Source dedupe is the way to go
This is my opinion and always has been. Ever since I first learned about Avamar in 1998 (when it was called Undoo). If you can eliminate duplicate data across your enterprise – even before its sent – why wouldn’t you want to do that? It saves bandwidth and storage. Properly done, it makes the backups faster and does not slow down restores. Its even possible to use dedupe in reverse to speed up restores.
If properly done, it also reduces the CPU load on the client. A typical incremental backup (without dedupe) and a full backup both use way more compute cycles than those that are used to generate whatever hash is being used to do the dedupe.
You save bandwidth, storage, and CPU cycles. So why don’t all products do this?

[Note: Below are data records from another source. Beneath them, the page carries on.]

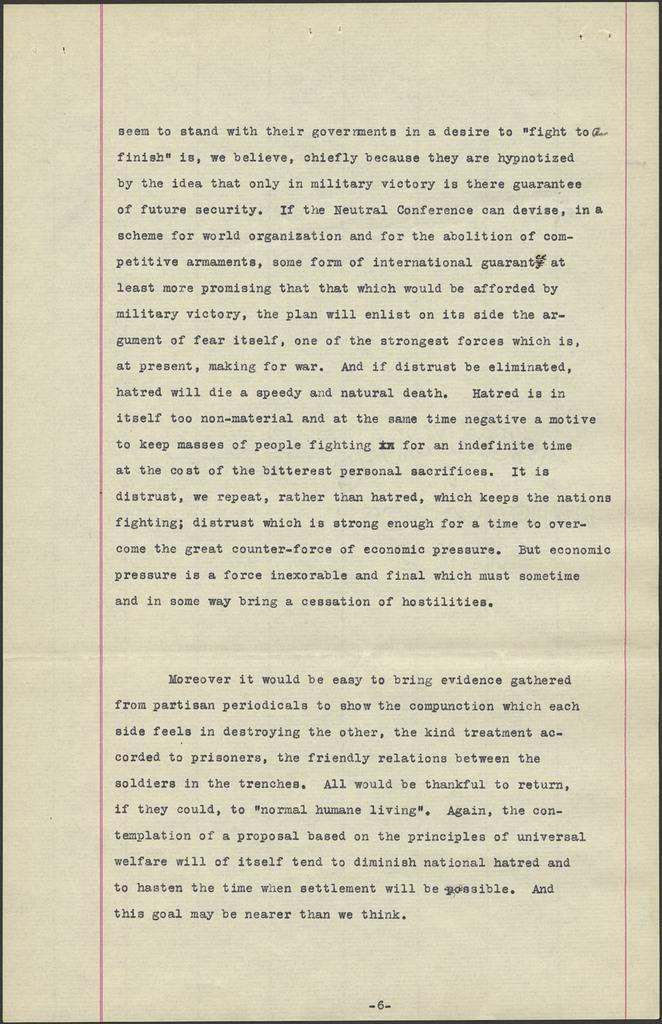Provide a one-sentence caption for the provided image. A piece of notebook paper with the first line stating "Seem to stand with their government in a desire...". 
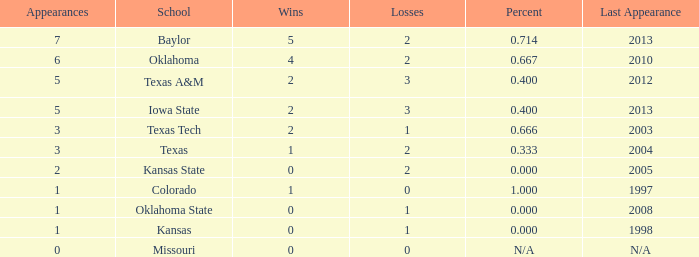What's the largest amount of wins Texas has?  1.0. 
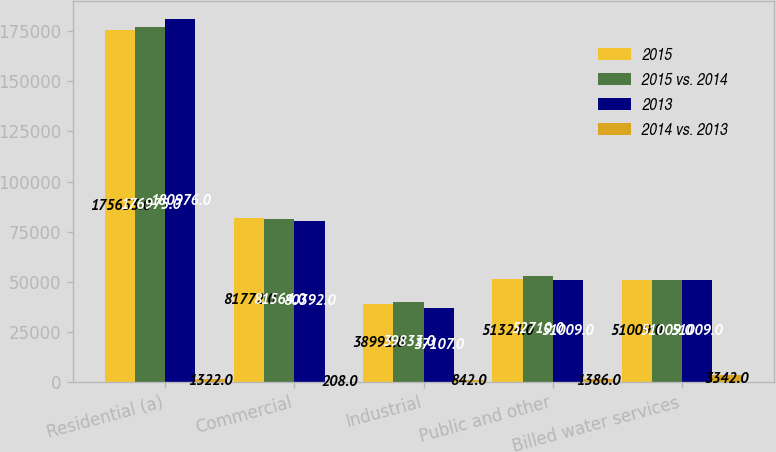Convert chart. <chart><loc_0><loc_0><loc_500><loc_500><stacked_bar_chart><ecel><fcel>Residential (a)<fcel>Commercial<fcel>Industrial<fcel>Public and other<fcel>Billed water services<nl><fcel>2015<fcel>175653<fcel>81772<fcel>38991<fcel>51324<fcel>51009<nl><fcel>2015 vs. 2014<fcel>176975<fcel>81564<fcel>39833<fcel>52710<fcel>51009<nl><fcel>2013<fcel>180976<fcel>80392<fcel>37107<fcel>51009<fcel>51009<nl><fcel>2014 vs. 2013<fcel>1322<fcel>208<fcel>842<fcel>1386<fcel>3342<nl></chart> 
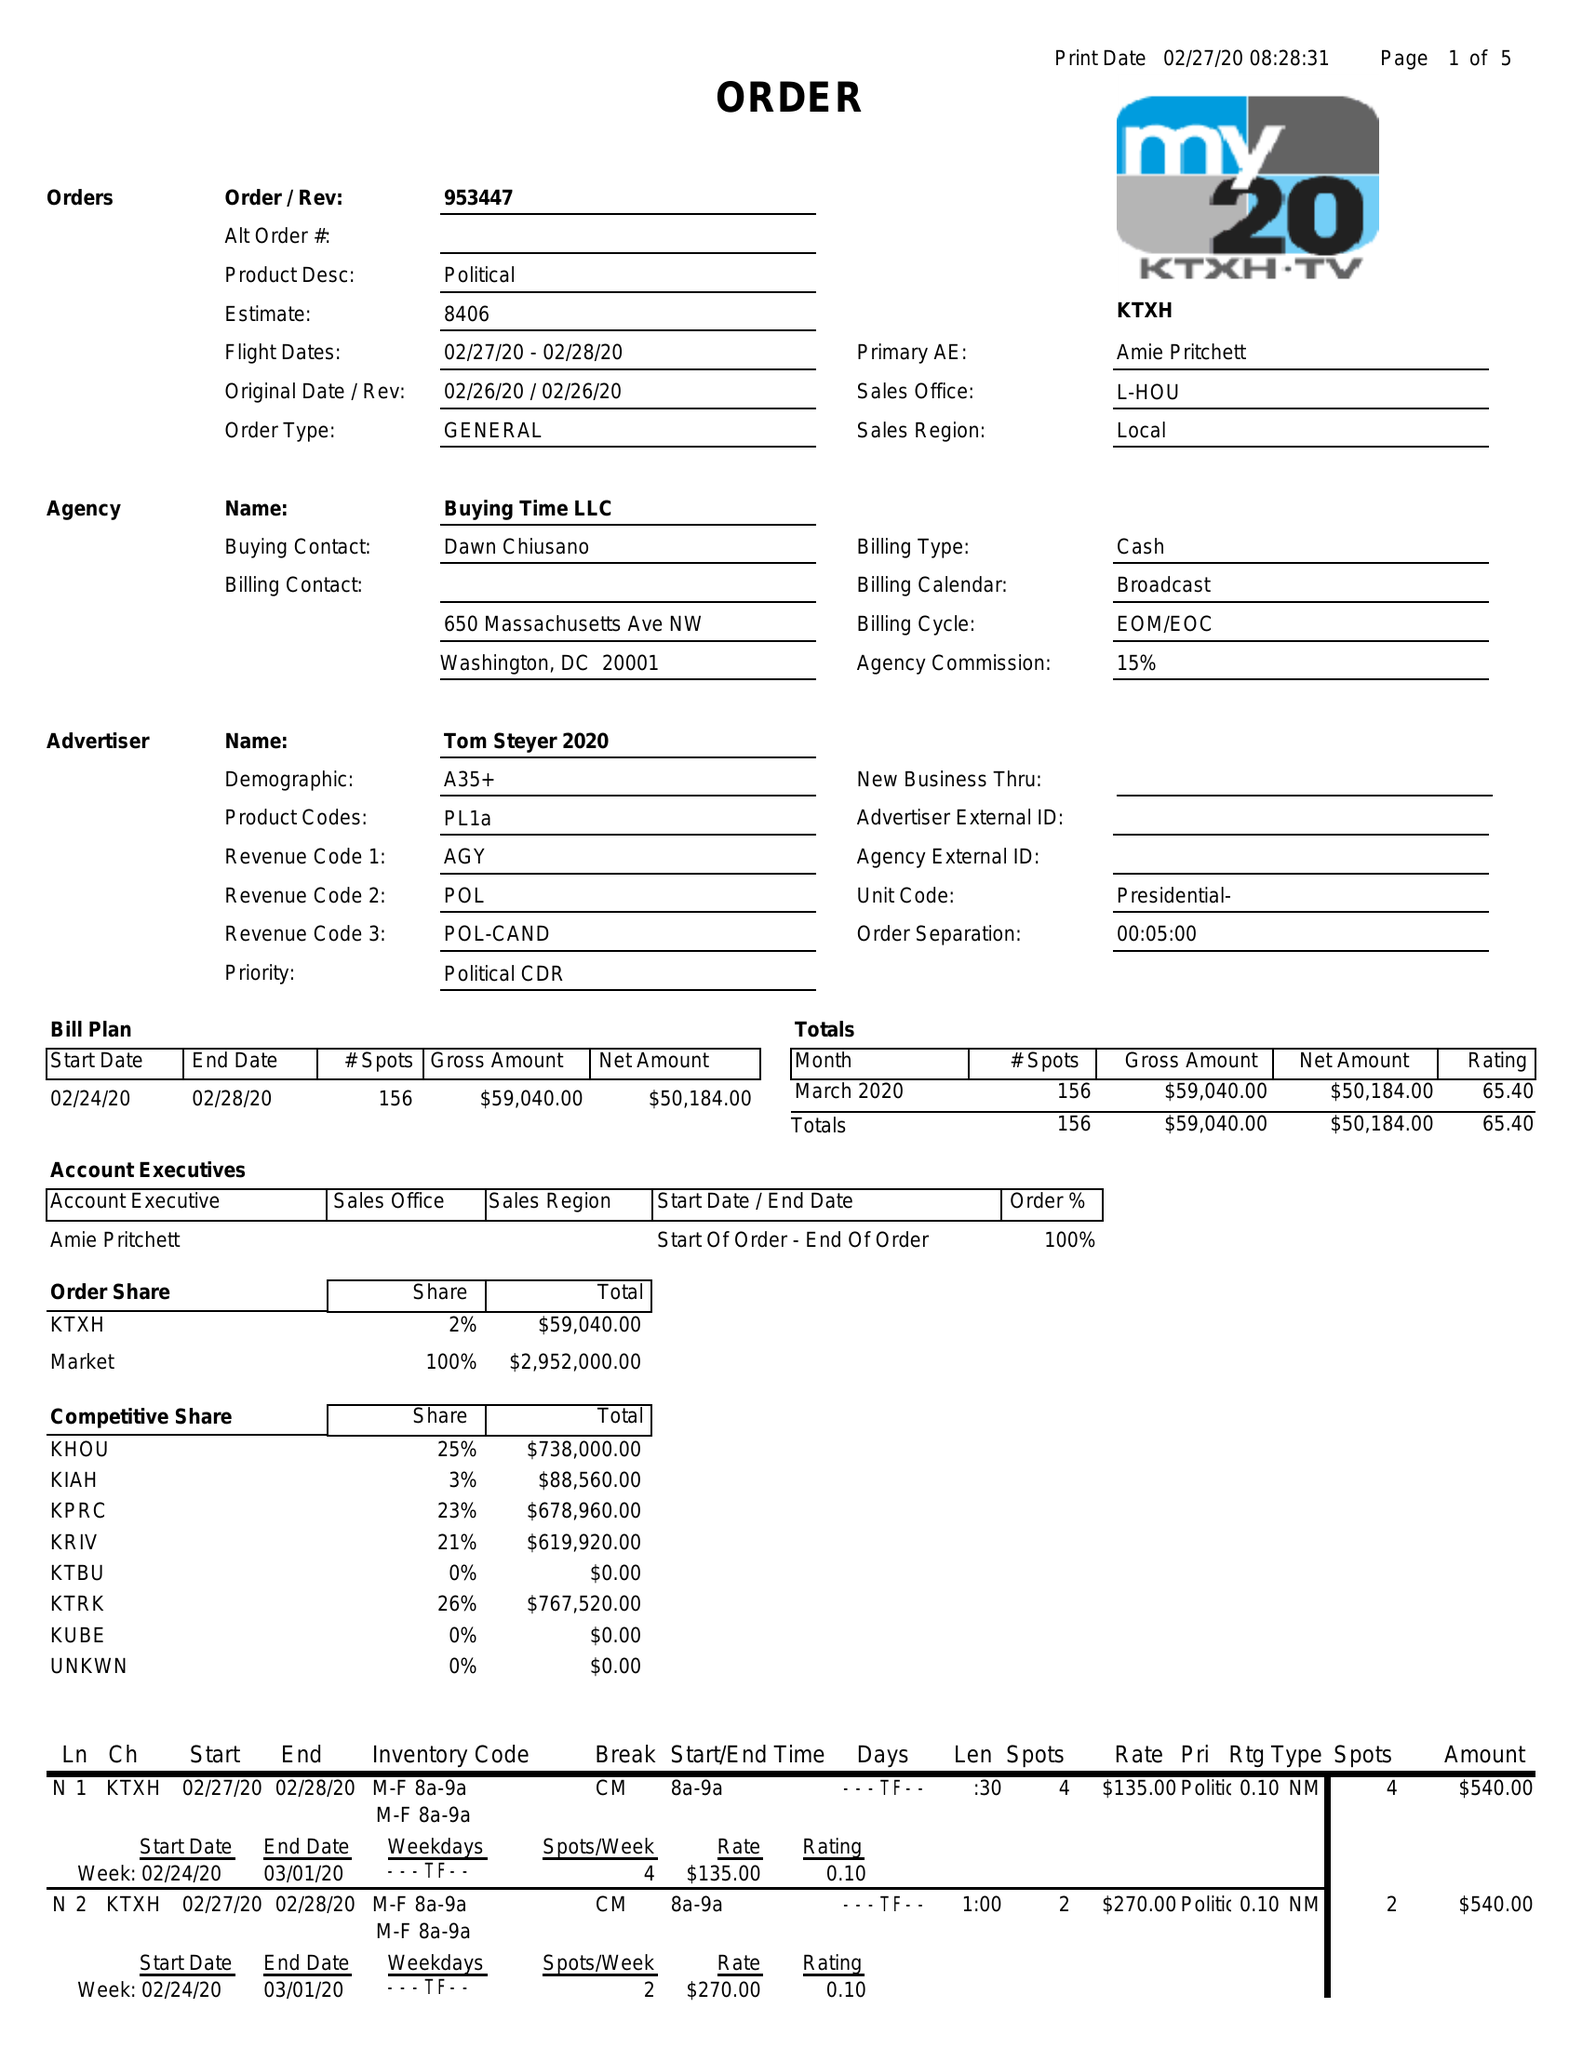What is the value for the contract_num?
Answer the question using a single word or phrase. 953447 
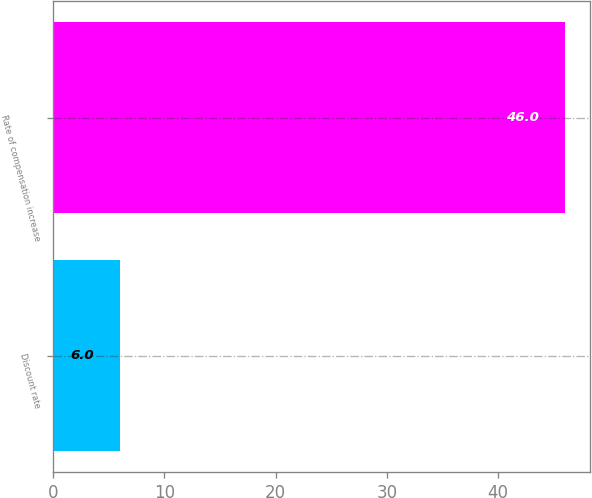Convert chart. <chart><loc_0><loc_0><loc_500><loc_500><bar_chart><fcel>Discount rate<fcel>Rate of compensation increase<nl><fcel>6<fcel>46<nl></chart>

Products that have been around a while have a significant code base to maintain. Changing to source dedupe requires massive architectural changes that can’t be easily added into the mix with an existing customer. It might require a “rip and replace” from the old to the new, which isn’t what you want to do with a customer.
Update: An earlier version of the post said some things about specific products that turned out to be out of date. I’ve removed those references. My question still remains, though.
None of the source dedupe products have torn up the market. For example, if Avamar became so popular that it was displacing the vast majority of backup installations, competitors would have been forced to come up with an answer. (The same could be true of CDP products, which could also be described as a much better way to do backups and restores. Very few true CDP products have had significant success.) But the market did not create a mandate for source dedupe, and I’ve often wondered why.
Many of the source dedupe implementations had limitations that made some think that it wasn’t the way to go. The biggest one I know of is that restore speeds for larger datasets were often slower than what you would get if you used traditional disk or a target dedupe disk. It seemed that developers of source dedupe solutions had done that venerable sin of making the backup faster and better at the expense of restore speed.
Another limitation of both source and target dedupe – but ostensibly more important in source dedupe implementations – is that the typical architectures used to hold the hash index topped out at some point. The “hash index,” as it’s called, could only handle datasets of a certain size before it could no longer reliably keep up with the backup speed customers needed.
The only solution to this problem was to create another hash index, which creates a dedupe island. This reduces the effectiveness of dedupe, because apps backed up to one dedupe island will not dedupe against another dedupe island. This increases bandwidth usage and the overall cost of things, since it will store more data as well.
This is one limitation my current employer worked around by using a massively scalable no-SQL database – DynamoDB – that is available to us in AWS. Where typical dedupe products top out at a 100 TB or so, we have customers with over 10 PB of data in a single environment, all being deduped against each other. And this implementation doesn’t slow down backups or restores.
What do you think?
Did I hit the nail on the head, or is there something else I’m missing? Why didn’t the whole world go to source dedupe?